James Montgomery, a British poet, born in Irvine, Ayrshire, Nov. 4, 1771, died near Sheffield, April 30, 1854. His father was a Moravian preacher, and James, being intended for the same office, was sent in his seventh year to a Moravian settlement at Fulneck, near Leeds, to complete his education. Here he remained ten years, distinguished only for indolence and melancholy. The brethren at Fulneck then apprenticed him to a grocer in Mirfield. Before the age of 14 he had written a mock heroic poem of 1,000 lines, and had commenced an epic to be called " The World." He ran away in June, 1789, but after many wanderings engaged again as shop boy in Wath, a village of Yorkshire. A year later he sent a volume of manuscript poetry to Mr. Harrison, a London publisher, and soon after went to London himself. Harrison refused his poems, but engaged him as his shopman. Toward the end of 1792 he became clerk to Joseph Gales, editor and publisher of the "Sheffield Eegis-ter," a newspaper of revolutionary tendencies.
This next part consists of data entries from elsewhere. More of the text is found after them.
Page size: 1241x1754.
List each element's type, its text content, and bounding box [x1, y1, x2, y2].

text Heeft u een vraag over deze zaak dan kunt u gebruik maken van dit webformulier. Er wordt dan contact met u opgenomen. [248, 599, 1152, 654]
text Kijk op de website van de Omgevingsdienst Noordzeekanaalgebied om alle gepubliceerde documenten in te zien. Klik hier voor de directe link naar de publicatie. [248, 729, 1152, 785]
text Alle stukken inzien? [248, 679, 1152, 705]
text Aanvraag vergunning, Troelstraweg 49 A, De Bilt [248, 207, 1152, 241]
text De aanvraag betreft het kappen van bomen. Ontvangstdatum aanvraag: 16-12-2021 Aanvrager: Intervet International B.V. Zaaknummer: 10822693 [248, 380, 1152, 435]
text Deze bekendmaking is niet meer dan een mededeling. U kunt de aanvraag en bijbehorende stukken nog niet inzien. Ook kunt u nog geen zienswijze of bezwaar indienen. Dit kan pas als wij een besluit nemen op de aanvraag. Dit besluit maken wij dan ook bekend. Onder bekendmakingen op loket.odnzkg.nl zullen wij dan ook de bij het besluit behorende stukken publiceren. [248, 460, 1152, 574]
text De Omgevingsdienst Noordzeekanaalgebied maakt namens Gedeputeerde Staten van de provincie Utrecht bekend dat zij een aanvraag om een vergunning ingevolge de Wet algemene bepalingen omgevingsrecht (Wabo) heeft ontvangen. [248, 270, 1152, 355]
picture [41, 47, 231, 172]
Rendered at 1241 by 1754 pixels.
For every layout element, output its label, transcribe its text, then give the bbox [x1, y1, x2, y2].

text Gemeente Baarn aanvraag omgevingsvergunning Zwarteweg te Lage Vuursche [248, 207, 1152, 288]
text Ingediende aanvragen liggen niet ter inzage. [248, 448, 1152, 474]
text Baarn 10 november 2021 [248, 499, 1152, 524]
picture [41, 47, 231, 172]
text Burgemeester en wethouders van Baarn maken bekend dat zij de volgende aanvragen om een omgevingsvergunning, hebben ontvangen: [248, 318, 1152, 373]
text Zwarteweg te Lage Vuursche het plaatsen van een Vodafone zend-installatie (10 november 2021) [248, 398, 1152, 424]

Gales fled to America to avoid arrest for treason, and Montgomery started a new weekly journal called the "Sheffield Iris," advocating peace and reform principles.

The first number appeared July 4, 1794, and he edited it till Sept. 27, 1825. Almost immediately after the first appearance of the "Iris," he was fined £20, and sentenced to three months' imprisonment, for printing a doggerel ballad on "The Fall of the Bastile" for a poor hawker. Again in 1796 he was found guilty of sedition, fined £30, and sentenced to six months' imprisonment, for publishing in his newspaper an account of a riot in Sheffield. He was confined in York castle, where he wrote a small volume of poems entitled "Prison Amusements," published in 1797. His gentle yet earnest character, and his literary ability, gradually won him the regard of his political opponents, and he began to take a high rank as a sacred poet. In 1806 he published "The Wanderer of Switzerland," in 1810 " The West Indies" and " Greenland," and in 1812 "The World before the Flood," which attained great popularity. In 1835 a pension of £150 was bestowed on him by the queen. He was a liberal whig, and an ardent slavery abolitionist, and in his manhood reunited himself with the Moravians. Besides the works mentioned, he published " The Pelican Island, and other Poems " (1827), and " Original Hymns" (1853); and in prose, "Lectures on Poetry and General Literature, delivered at the Royal Institution in 1830 and 1831" (1833). Collected editions of his poetical works were published in 6 vols, in 1836, 4 vols, in 1841 and 1855, and 1 vol. in 1850 and 1855. Memoirs, with correspondence and journals (7 vols. 8vo, 1855-'0), were published by John Holland and James Everett.